Bond Percolation on Multiplex Networks

We present an analytical approach for bond percolation on multiplex networks and use it to determine the expected size of the giant connected component and the value of the critical bond occupation probability in these networks. We advocate the relevance of these tools to the modeling of multilayer robustness and contribute to the debate on whether any benefit is to be yielded from studying a full multiplex structure as opposed to its monoplex projection, especially in the seemingly irrelevant case of a bond occupation probability that does not depend on the layer. Although we find that in many cases the predictions of our theory for multiplex networks coincide with previously derived results for monoplex networks, we also uncover the remarkable result that for a certain class of multiplex networks, well described by our theory, new critical phenomena occur as multiple percolation phase transitions are present. We provide an instance of this phenomenon in a multiplex network constructed from London rail and European air transportation data sets.

Popular Summary

In a multiplex network, nodes are connected by edges and links of different types; if the nodes represent cities, for example, then the edges of different types could be various transportation modes (e.g., air, road, rail) that connect the cities. Bond percolation is the process of randomly removing the edges of the network and asking whether the remaining edges can keep the network as a whole connected.

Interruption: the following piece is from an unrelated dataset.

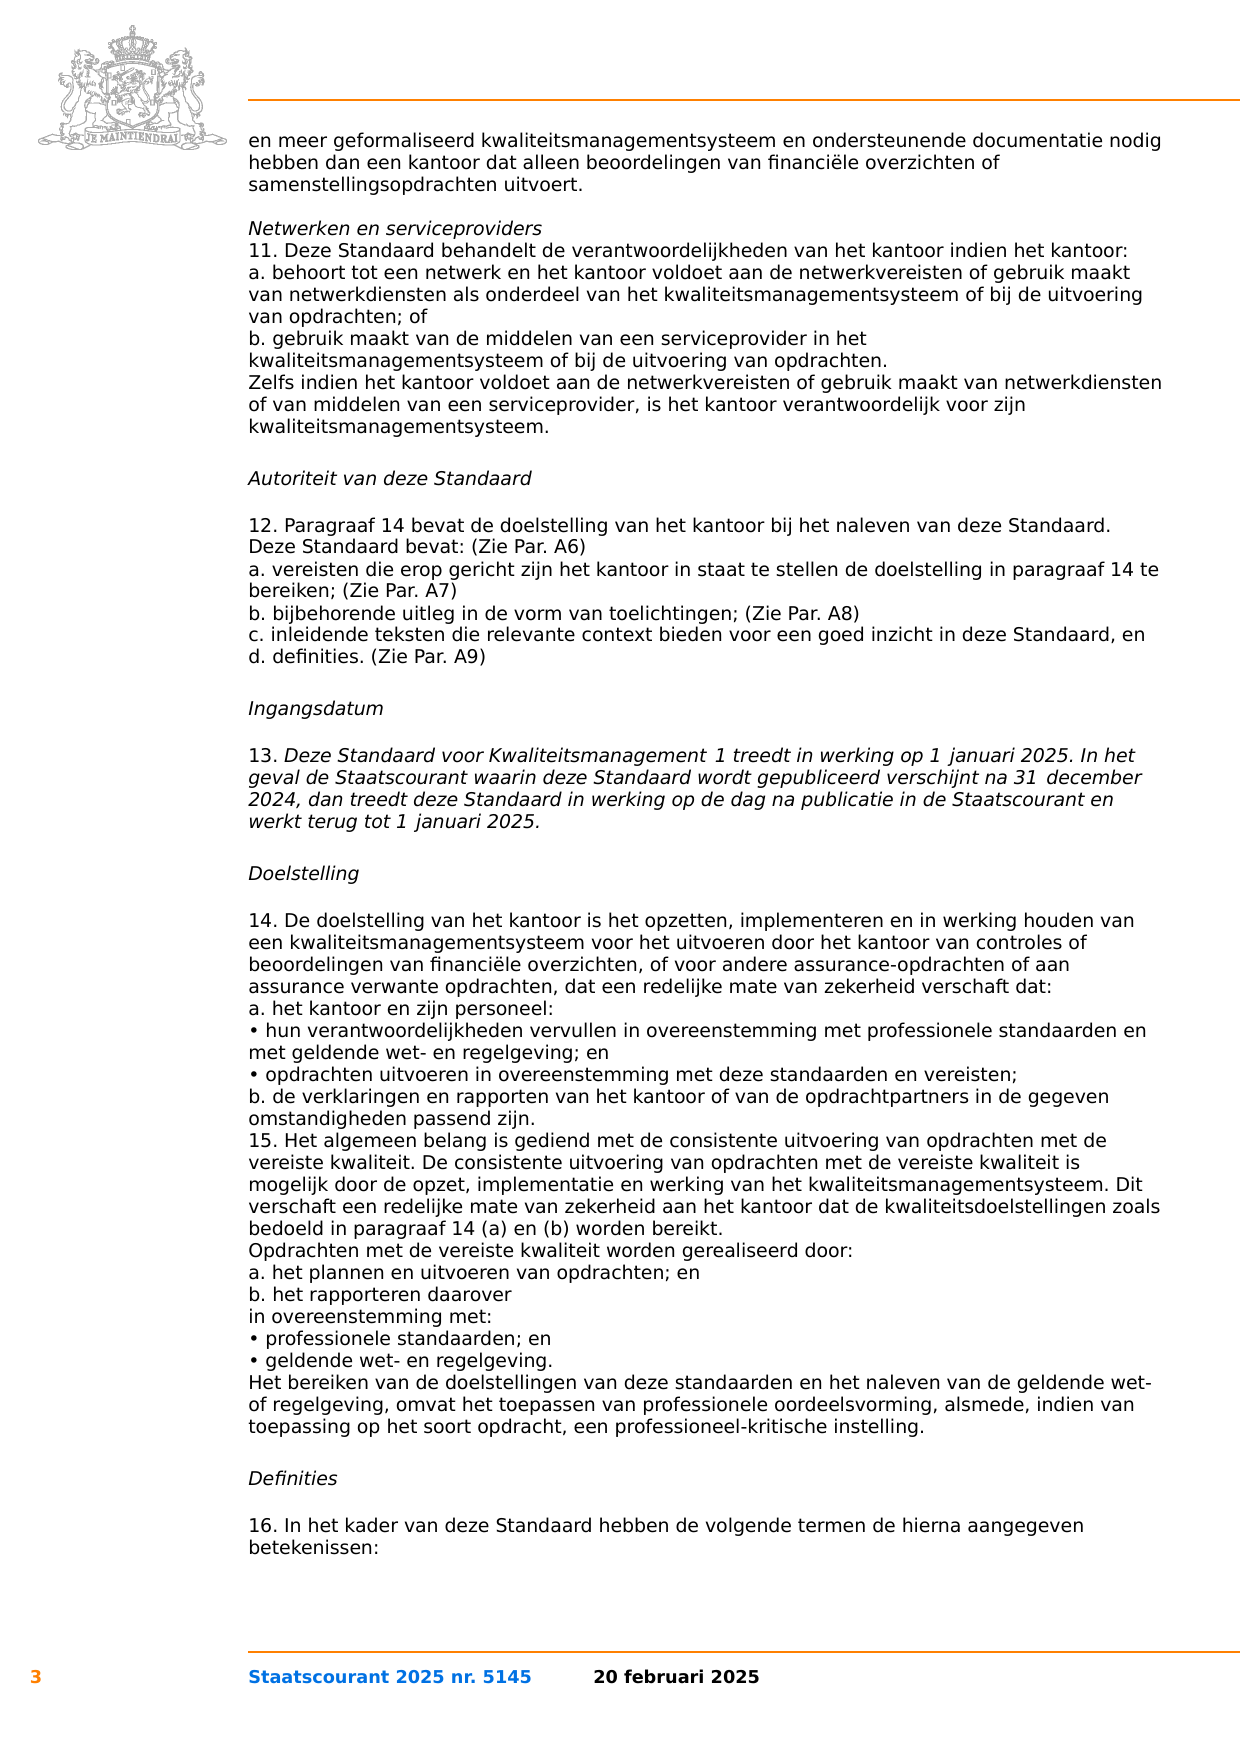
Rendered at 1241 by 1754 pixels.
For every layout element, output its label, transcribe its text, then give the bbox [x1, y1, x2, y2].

Here, we present an analytical approach for bond percolation on multiplex networks and use it to examine the importance of the multiplex nature of the networks as opposed to the “projected” network where the differences between edge types are ignored.

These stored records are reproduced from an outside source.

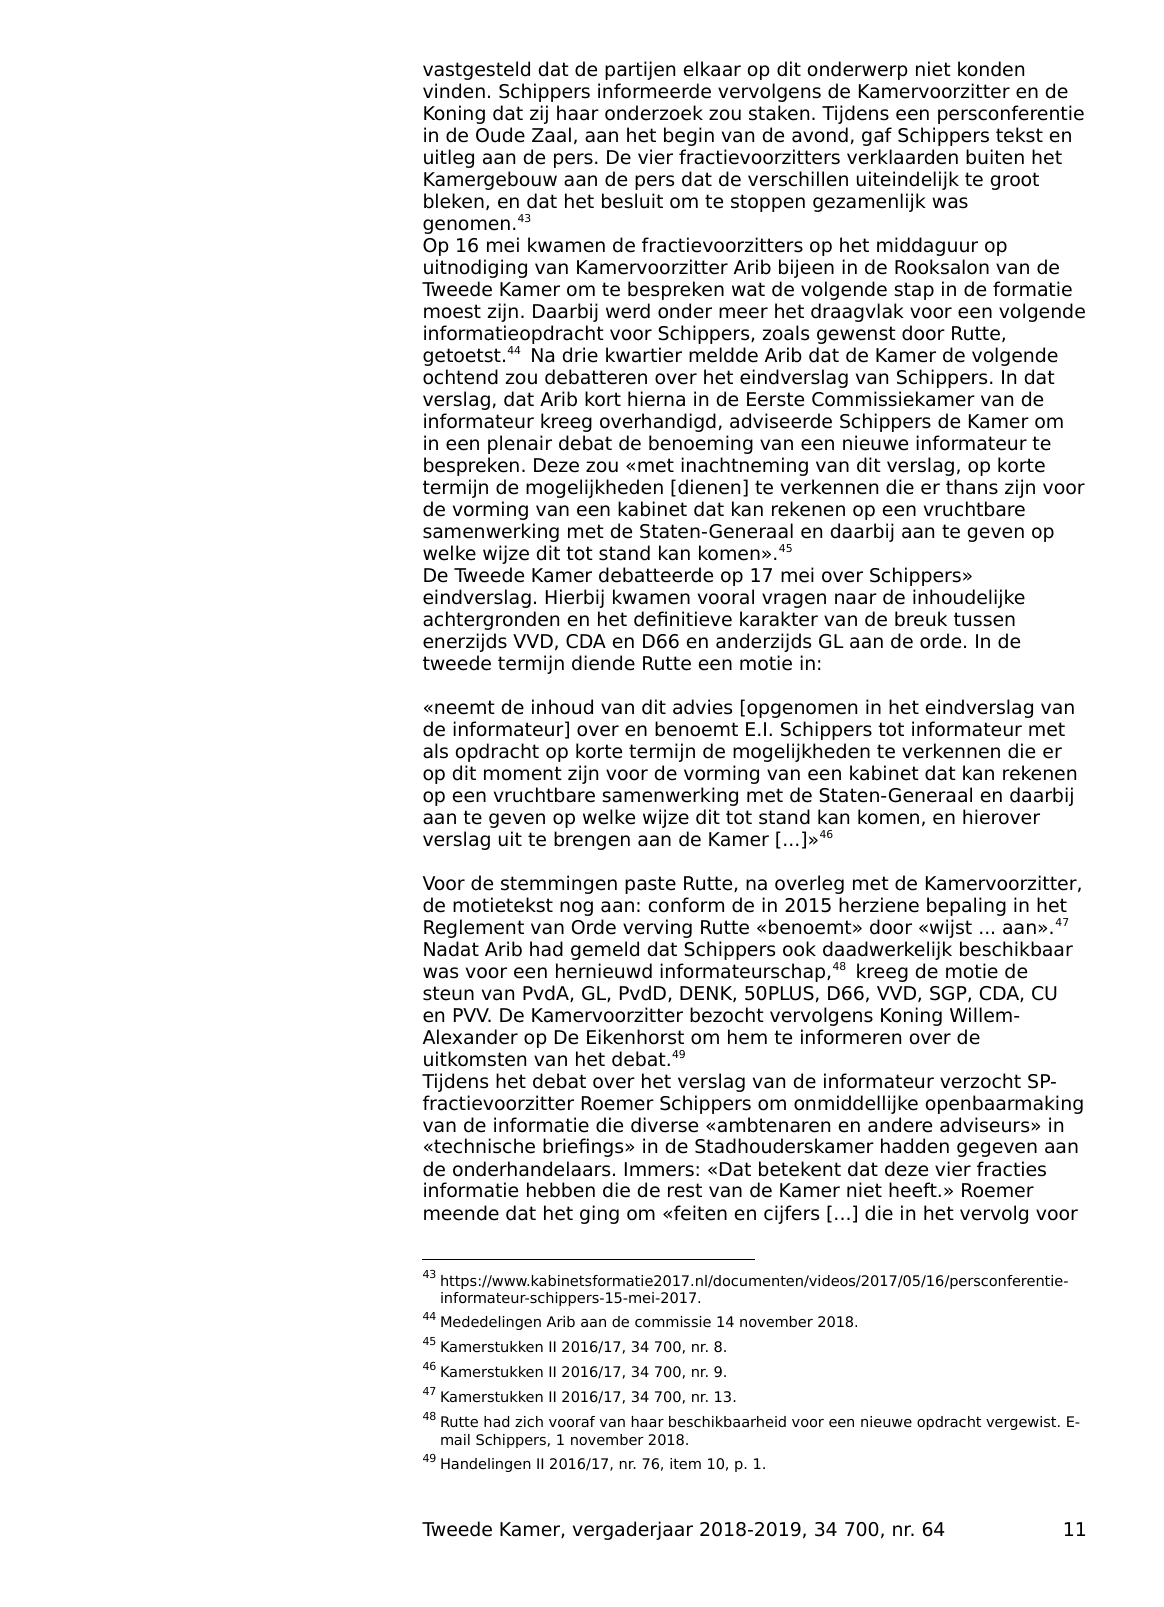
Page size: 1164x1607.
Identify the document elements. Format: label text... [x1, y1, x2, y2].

text Rutte had zich vooraf van haar beschikbaarheid voor een nieuwe opdracht vergewist. E-mail Schippers, 1 november 2018. [422, 1410, 1087, 1449]
text Mededelingen Arib aan de commissie 14 november 2018. [422, 1310, 1087, 1332]
text Handelingen II 2016/17, nr. 76, item 10, p. 1. [422, 1452, 1087, 1474]
text «neemt de inhoud van dit advies [opgenomen in het eindverslag van de informateur] over en benoemt E.I. Schippers tot informateur met als opdracht op korte termijn de mogelijkheden te verkennen die er op dit moment zijn voor de vorming van een kabinet dat kan rekenen op een vruchtbare samenwerking met de Staten-Generaal en daarbij aan te geven op welke wijze dit tot stand kan komen, en hierover verslag uit te brengen aan de Kamer [...]» [422, 697, 1087, 851]
text Voor de stemmingen paste Rutte, na overleg met de Kamervoorzitter, de motietekst nog aan: conform de in 2015 herziene bepaling in het Reglement van Orde verving Rutte «benoemt» door «wijst ... aan». Nadat Arib had gemeld dat Schippers ook daadwerkelijk beschikbaar was voor een hernieuwd informateurschap, kreeg de motie de steun van PvdA, GL, PvdD, DENK, 50PLUS, D66, VVD, SGP, CDA, CU en PVV. De Kamervoorzitter bezocht vervolgens Koning Willem-Alexander op De Eikenhorst om hem te informeren over de uitkomsten van het debat. [422, 873, 1087, 1071]
text De Tweede Kamer debatteerde op 17 mei over Schippers» eindverslag. Hierbij kwamen vooral vragen naar de inhoudelijke achtergronden en het definitieve karakter van de breuk tussen enerzijds VVD, CDA en D66 en anderzijds GL aan de orde. In de tweede termijn diende Rutte een motie in: [422, 564, 1087, 674]
text Kamerstukken II 2016/17, 34 700, nr. 8. [422, 1335, 1087, 1357]
text Op 16 mei kwamen de fractievoorzitters op het middaguur op uitnodiging van Kamervoorzitter Arib bijeen in de Rooksalon van de Tweede Kamer om te bespreken wat de volgende stap in de formatie moest zijn. Daarbij werd onder meer het draagvlak voor een volgende informatieopdracht voor Schippers, zoals gewenst door Rutte, getoetst. Na drie kwartier meldde Arib dat de Kamer de volgende ochtend zou debatteren over het eindverslag van Schippers. In dat verslag, dat Arib kort hierna in de Eerste Commissiekamer van de informateur kreeg overhandigd, adviseerde Schippers de Kamer om in een plenair debat de benoeming van een nieuwe informateur te bespreken. Deze zou «met inachtneming van dit verslag, op korte termijn de mogelijkheden [dienen] te verkennen die er thans zijn voor de vorming van een kabinet dat kan rekenen op een vruchtbare samenwerking met de Staten-Generaal en daarbij aan te geven op welke wijze dit tot stand kan komen». [422, 235, 1087, 564]
text Kamerstukken II 2016/17, 34 700, nr. 13. [422, 1385, 1087, 1407]
text Kamerstukken II 2016/17, 34 700, nr. 9. [422, 1360, 1087, 1382]
text vastgesteld dat de partijen elkaar op dit onderwerp niet konden vinden. Schippers informeerde vervolgens de Kamervoorzitter en de Koning dat zij haar onderzoek zou staken. Tijdens een persconferentie in de Oude Zaal, aan het begin van de avond, gaf Schippers tekst en uitleg aan de pers. De vier fractievoorzitters verklaarden buiten het Kamergebouw aan de pers dat de verschillen uiteindelijk te groot bleken, en dat het besluit om te stoppen gezamenlijk was genomen. [422, 59, 1087, 235]
text https://www.kabinetsformatie2017.nl/documenten/videos/2017/05/16/persconferentie-informateur-schippers-15-mei-2017. [422, 1268, 1087, 1307]
text Tijdens het debat over het verslag van de informateur verzocht SP-fractievoorzitter Roemer Schippers om onmiddellijke openbaarmaking van de informatie die diverse «ambtenaren en andere adviseurs» in «technische briefings» in de Stadhouderskamer hadden gegeven aan de onderhandelaars. Immers: «Dat betekent dat deze vier fracties informatie hebben die de rest van de Kamer niet heeft.» Roemer meende dat het ging om «feiten en cijfers [...] die in het vervolg voor [422, 1071, 1087, 1224]

We show that in many cases the theory for projected networks is sufficient to describe bond percolation on multiplex networks, but we also identify a class of multiplex networks in which multiple phase transitions are present. We analyze a combined multiplex of the European Union air ($nodes=450$) and London rail transportation systems ($nodes=369$), and we connect the layers by considering the ten nodes in common between the air and rail systems. We show that the percolation degradation of the multiplex is induced by the fragility of the rail network, giving a clear illustration of how the interconnectivity of multiplex structures may suffer from fragilities that depend on the most vulnerable edge types. In other words, multiplex networks can be more susceptible to overall fragility than their constituent parts.

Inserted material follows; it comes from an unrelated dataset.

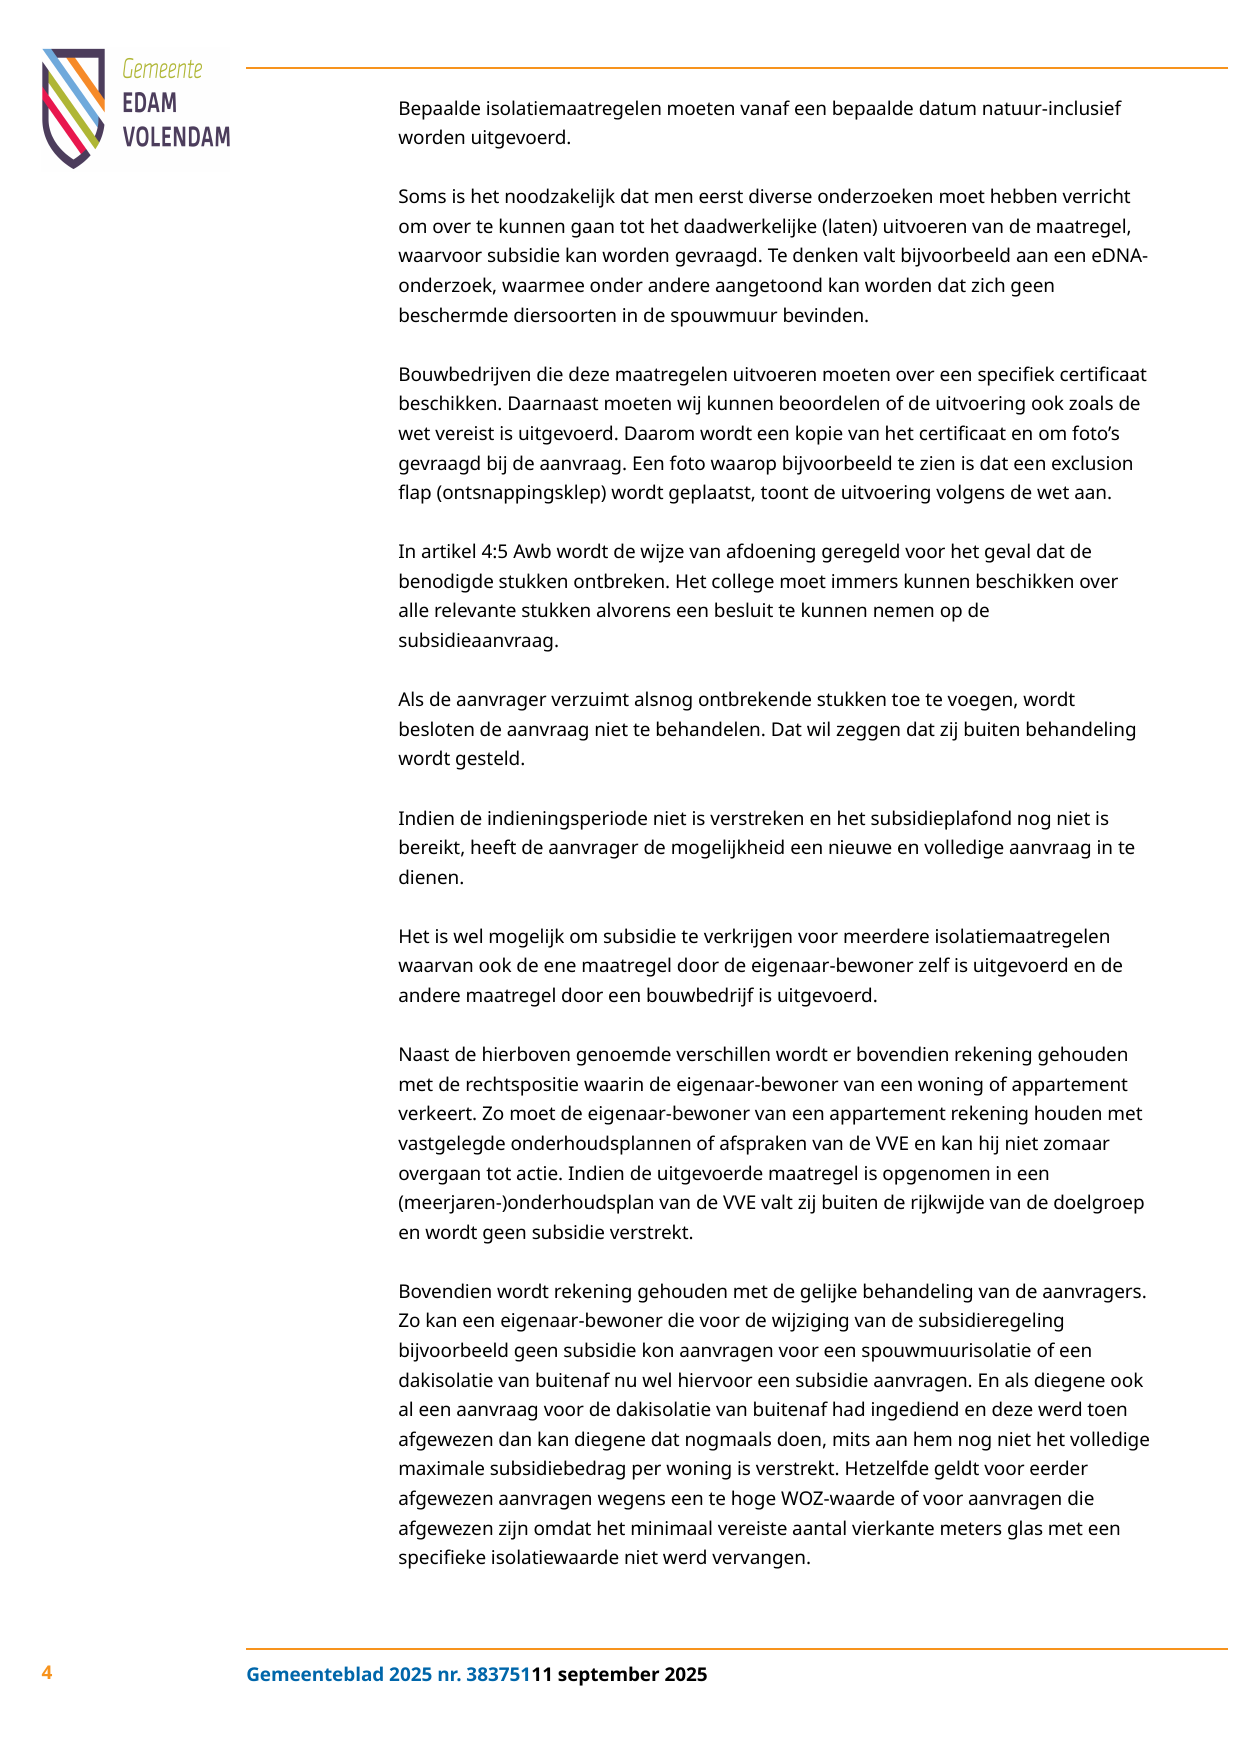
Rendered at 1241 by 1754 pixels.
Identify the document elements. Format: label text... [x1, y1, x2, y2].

We expect that our findings will have implications for the robustness of real-life transportation and communication networks.

Figure 1

Expected size of the GCC as a function of $p$ for (a) a maximally correlated two-layer multiplex network made of two Poisson random networks and (b) an uncorrelated three-layer multiplex network made of one Poisson random network and two scale-free networks. Numerical simulations are averaged over 100 realizations, and $N={10}^5$. Peaks in the expected size of the SLCC indicate percolation transitions.

Figure 2

Expected size of the GCC as a function of $p$ for (a) a two-layer multiplex network made of two Poisson random networks and (b) a three-layer multiplex network made of three Poisson random networks. Both networks are highly anticorrelated. Numerical simulations are averaged over 100 realizations, $N={10}^5$, and the overlap has 100 nodes. Peaks in the expected size of the SLCC indicate percolation transitions.

Figure 3

Expected size of the GCC as a function of $p$ for a three-layer multiplex network made of three Poisson random networks. Each layer contains $N={10}^4$ nodes. Layers 1 and 2 have an overlap of ${10}^3$ nodes, as do layers 2 and 3. Peaks in the expected size of the SLCC indicate percolation transitions.

Figure 4

Expected size of the GCC as a function of $p$ for a two-layer multiplex network constructed from the London rail transportation network and the EU air transportation network. Numerical simulations are averaged over 1000 realizations. Peaks in the expected size of the SLCC indicate percolation transitions.